* Requirement: Repeat only the lines below from the one containing "3) electrical component (492,25,575,107)" through the one containing "17) toy car (394,167,529,308)", inclusive, exactly as written.

* Records for the task:

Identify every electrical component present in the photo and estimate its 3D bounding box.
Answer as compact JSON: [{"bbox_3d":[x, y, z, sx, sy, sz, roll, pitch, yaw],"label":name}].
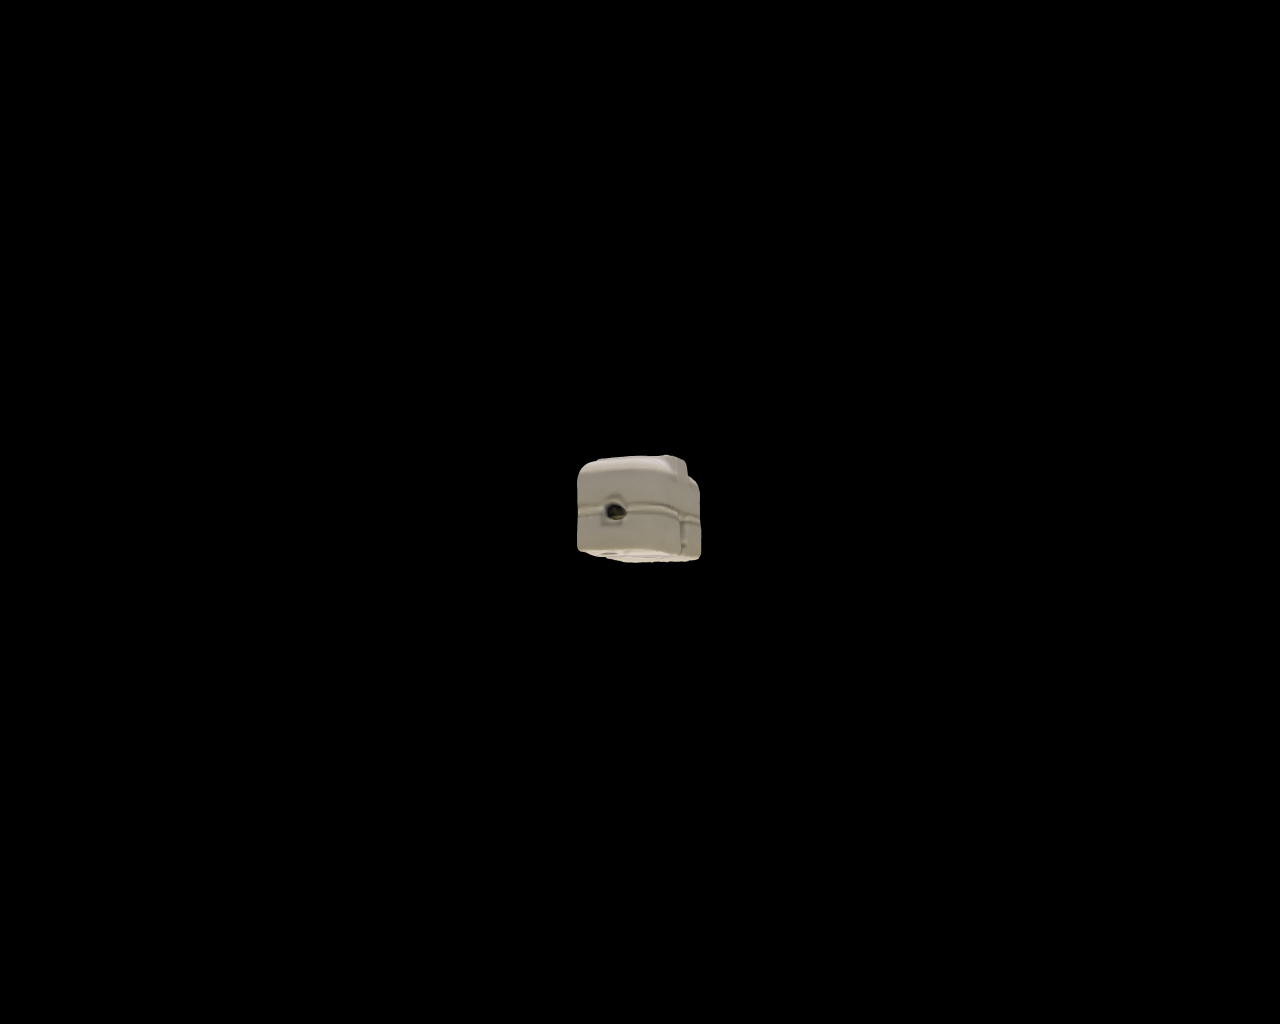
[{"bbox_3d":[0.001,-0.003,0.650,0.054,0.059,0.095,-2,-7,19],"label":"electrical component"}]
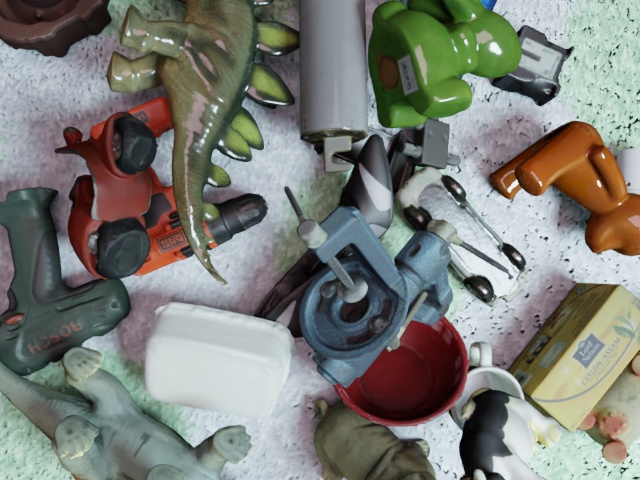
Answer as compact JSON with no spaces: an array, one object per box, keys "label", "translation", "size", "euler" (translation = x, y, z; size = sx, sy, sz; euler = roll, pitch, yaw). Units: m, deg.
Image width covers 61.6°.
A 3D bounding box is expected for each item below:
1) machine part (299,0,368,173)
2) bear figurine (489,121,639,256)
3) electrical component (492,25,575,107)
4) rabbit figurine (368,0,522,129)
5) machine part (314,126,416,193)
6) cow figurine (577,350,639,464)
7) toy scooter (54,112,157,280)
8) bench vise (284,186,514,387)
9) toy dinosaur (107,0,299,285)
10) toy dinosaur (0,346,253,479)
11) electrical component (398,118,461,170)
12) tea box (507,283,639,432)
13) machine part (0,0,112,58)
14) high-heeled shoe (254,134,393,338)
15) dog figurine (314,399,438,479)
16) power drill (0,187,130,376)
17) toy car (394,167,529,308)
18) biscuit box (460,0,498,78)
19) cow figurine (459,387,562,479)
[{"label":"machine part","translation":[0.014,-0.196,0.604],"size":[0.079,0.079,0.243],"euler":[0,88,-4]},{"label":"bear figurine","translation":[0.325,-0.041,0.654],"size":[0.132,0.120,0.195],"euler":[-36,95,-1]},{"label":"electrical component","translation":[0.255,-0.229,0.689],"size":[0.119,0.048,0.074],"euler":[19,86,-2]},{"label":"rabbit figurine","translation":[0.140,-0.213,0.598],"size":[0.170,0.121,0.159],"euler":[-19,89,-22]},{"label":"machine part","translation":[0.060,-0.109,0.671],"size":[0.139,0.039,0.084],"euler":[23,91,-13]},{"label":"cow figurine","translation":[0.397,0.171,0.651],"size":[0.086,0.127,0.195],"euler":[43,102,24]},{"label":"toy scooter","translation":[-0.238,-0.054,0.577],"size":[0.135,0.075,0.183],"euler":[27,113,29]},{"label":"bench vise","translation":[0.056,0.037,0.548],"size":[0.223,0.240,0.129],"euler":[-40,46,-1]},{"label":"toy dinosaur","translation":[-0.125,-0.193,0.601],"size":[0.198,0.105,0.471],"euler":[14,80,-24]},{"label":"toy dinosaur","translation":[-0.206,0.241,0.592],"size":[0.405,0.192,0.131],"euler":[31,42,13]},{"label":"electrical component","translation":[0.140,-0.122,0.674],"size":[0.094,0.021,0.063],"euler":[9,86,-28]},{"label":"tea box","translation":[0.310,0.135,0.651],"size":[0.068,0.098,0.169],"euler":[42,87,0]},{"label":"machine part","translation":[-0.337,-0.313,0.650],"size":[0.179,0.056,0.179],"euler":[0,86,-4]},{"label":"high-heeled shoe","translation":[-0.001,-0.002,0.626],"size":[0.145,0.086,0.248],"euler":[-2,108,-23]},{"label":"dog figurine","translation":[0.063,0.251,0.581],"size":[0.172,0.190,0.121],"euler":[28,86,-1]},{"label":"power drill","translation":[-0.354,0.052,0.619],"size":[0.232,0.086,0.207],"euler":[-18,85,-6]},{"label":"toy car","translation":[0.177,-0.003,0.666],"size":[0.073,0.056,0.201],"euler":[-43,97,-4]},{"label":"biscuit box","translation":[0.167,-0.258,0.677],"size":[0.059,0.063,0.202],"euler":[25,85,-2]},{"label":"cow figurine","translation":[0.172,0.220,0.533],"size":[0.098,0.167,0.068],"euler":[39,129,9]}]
--
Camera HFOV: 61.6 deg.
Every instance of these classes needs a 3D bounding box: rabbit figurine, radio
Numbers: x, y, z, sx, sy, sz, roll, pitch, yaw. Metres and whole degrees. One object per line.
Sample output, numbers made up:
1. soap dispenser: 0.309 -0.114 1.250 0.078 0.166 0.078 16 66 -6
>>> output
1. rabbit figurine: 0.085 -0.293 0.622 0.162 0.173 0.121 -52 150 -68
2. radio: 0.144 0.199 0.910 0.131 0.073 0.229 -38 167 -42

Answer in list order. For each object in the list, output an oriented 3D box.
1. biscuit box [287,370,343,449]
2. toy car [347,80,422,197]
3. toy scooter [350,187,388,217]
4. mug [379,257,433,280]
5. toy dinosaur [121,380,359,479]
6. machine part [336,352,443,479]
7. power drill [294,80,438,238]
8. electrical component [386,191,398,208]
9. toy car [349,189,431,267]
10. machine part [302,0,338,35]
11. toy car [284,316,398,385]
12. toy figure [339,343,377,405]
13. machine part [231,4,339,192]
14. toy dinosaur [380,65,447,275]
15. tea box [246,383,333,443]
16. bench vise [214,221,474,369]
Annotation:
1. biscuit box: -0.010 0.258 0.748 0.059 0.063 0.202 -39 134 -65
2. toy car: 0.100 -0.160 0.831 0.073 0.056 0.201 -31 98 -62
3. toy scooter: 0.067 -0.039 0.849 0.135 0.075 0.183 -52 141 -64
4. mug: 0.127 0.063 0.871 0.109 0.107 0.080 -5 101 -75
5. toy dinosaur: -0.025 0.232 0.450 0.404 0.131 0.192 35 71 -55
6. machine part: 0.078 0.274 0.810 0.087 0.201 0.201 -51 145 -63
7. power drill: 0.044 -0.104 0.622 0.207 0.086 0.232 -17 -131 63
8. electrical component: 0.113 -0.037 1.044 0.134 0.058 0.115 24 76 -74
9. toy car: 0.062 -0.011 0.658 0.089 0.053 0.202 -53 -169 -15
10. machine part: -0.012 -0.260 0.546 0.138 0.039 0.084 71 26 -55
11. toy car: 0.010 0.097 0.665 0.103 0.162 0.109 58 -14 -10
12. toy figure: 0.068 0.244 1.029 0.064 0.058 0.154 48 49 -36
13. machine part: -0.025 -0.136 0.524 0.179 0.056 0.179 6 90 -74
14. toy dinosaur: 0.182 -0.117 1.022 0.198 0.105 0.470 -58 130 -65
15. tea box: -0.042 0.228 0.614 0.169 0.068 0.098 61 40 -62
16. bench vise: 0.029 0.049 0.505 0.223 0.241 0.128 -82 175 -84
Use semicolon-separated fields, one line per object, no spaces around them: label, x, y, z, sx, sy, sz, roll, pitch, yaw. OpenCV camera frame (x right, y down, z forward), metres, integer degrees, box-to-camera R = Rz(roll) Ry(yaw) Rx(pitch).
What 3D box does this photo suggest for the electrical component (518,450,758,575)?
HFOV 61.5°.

* Completed exercise:
3) electrical component (492,25,575,107)
4) rabbit figurine (368,0,522,129)
5) machine part (314,126,416,193)
6) cow figurine (577,350,639,464)
7) toy scooter (54,112,157,280)
8) bench vise (284,186,514,387)
9) toy dinosaur (107,0,299,285)
10) toy dinosaur (0,346,253,479)
11) electrical component (398,118,461,170)
12) tea box (507,283,639,432)
13) machine part (0,0,112,58)
14) high-heeled shoe (254,134,393,338)
15) dog figurine (314,399,438,479)
16) power drill (0,187,130,376)
17) toy car (394,167,529,308)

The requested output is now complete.